Si certains naissent une cuiller en argent dans la bouche, d'autres ont l'art de nous régaler avec. Sur le berceau de Jérémy Morin, le chef fraîchement étoilé de l'Aparté à Montrabé, les bonnes fées du goût se sont donné rendez-vous à Vire un jour de 1978. C'est là, au coeur du Bocage normand, que la cuisine l'appelle : « Ma mère et mes deux grands-mères étaient de fines cuisinières ; j'ai toujours suivi leur travail. » Porté par cet élan, il traverse la Manche pour l'Angleterre et l'Irlande, « pas pour la cuisine mais pour apprendre la langue. » Dix-huit mois à écumer les petits boulots de commis avant d'être repêché à Paris par un futur gros poisson de la cuisine française, Yannick Alléno : « Il démarrait sa première place de chef au Scribe.
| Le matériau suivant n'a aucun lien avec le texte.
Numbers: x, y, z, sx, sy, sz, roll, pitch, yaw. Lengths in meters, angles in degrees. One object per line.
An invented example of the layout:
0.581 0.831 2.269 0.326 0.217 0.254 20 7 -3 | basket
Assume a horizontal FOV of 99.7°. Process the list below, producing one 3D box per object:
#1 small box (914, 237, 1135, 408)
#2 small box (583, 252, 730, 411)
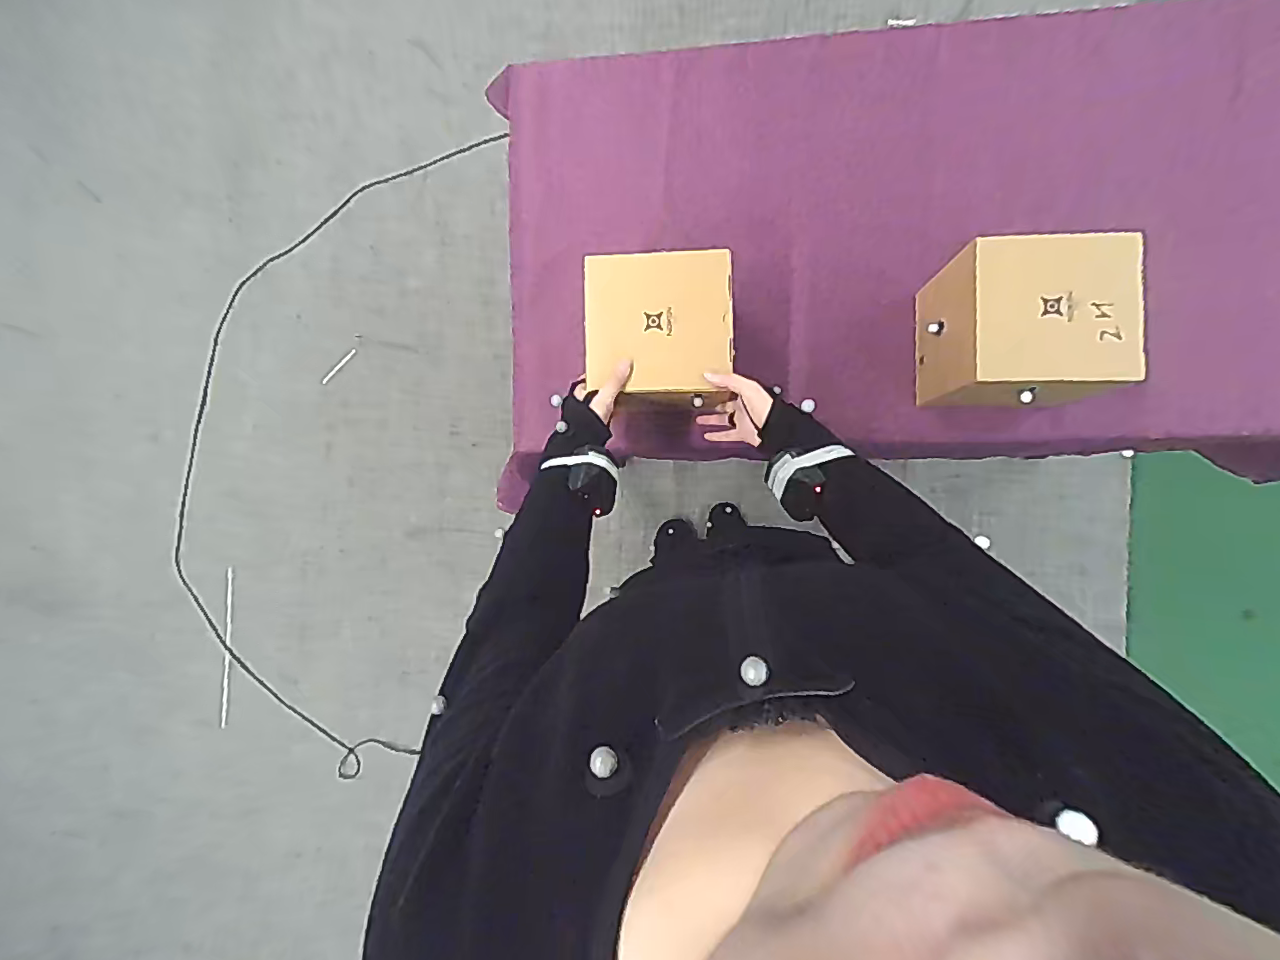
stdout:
0.465 -0.185 0.681 0.179 0.176 0.168 1 88 5 | small box
0.026 -0.184 0.720 0.179 0.176 0.168 -1 90 4 | small box

J'y suis resté trois ans. » Une escale chez Eric Fréchon plus loin, à l'Épicure, le restaurant trois étoiles du Bristol, Jérémy rentre au port rappelé par Alléno à la barre du restaurant de l'hôtel Meurice. Il naviguera trois nouvelles années à ses côtés au poste de sous-chef.

L'appel du large

« Nous sommes in 2006 » et déjà résonne un autre appel. « Je prends le poste de chef au Métropolitain. Dur de passer d'une place avec 70 cuisiniers dans un palace parisien à celui de chef à Toulouse. » Les premiers mois sont dificiles, « j'ai douté de mon choix de carrière. » La consécration, rapide, met fin à ses tourments. « En mars 2008, l'étoile arrive. C'était parti. Au Met, on a d'abord été reconnu par le Michelin avant de l'être par les Toulousains. » La récompense n'empêchera pas les difficultés économiques de l'établissement : « Licencié, j'ai galéré un an. Deux amis clients et chefs d'entreprise ont décidé de m'aider à ouvrir mon resto. Ils ont levé mes doutes et nous nous sommes associés. » Désormais capitaine à bord, Jérémy Morin, secondé par Romina son épouse, trouve par hasard refuge à Montrabé en novembre 2015 : « Je savais exactement ce que je voulais. Un lieu de 45 couverts, avec terrasse et parking, qui ne soit ni urbain, ni campagne. » L'Aparté le bien-nommé est né.

La mer en ses terres

« Avec mes origines, les produits de la mer sont mes préférés. Je les travaille de manière inédite ». Même si son plat fétiche reste une cocotte d'automne cuite à la pâte à pain : « légumes anciens au jus de cochon, poitrine conite par mes soins, truffe fraîche ». Avec un menu déjeuner très abordable qui privilégie les produits locaux, poissons exceptés, Jérémy Morin s'offre même le luxe d'en changer chaque semaine, tous les deux mois pour la carte du soir. « Je passe près d'un mois à construire les plats de mes nouveaux menus », toujours accompagnés de dessins qu'il juge enfantins. « Je soigne le visuel de l'assiette. Mais quand tu manges, je préfère entendre dire : Oh, que c'est bon ça ! Plutôt que : Oh, c'est joli ». Le guide Michelin ne s'y est pas trompé : il vient de lui décerner une étoile. Une de plus à son palmarès. Pour porter haut les saveurs de la Métropole toulousaine.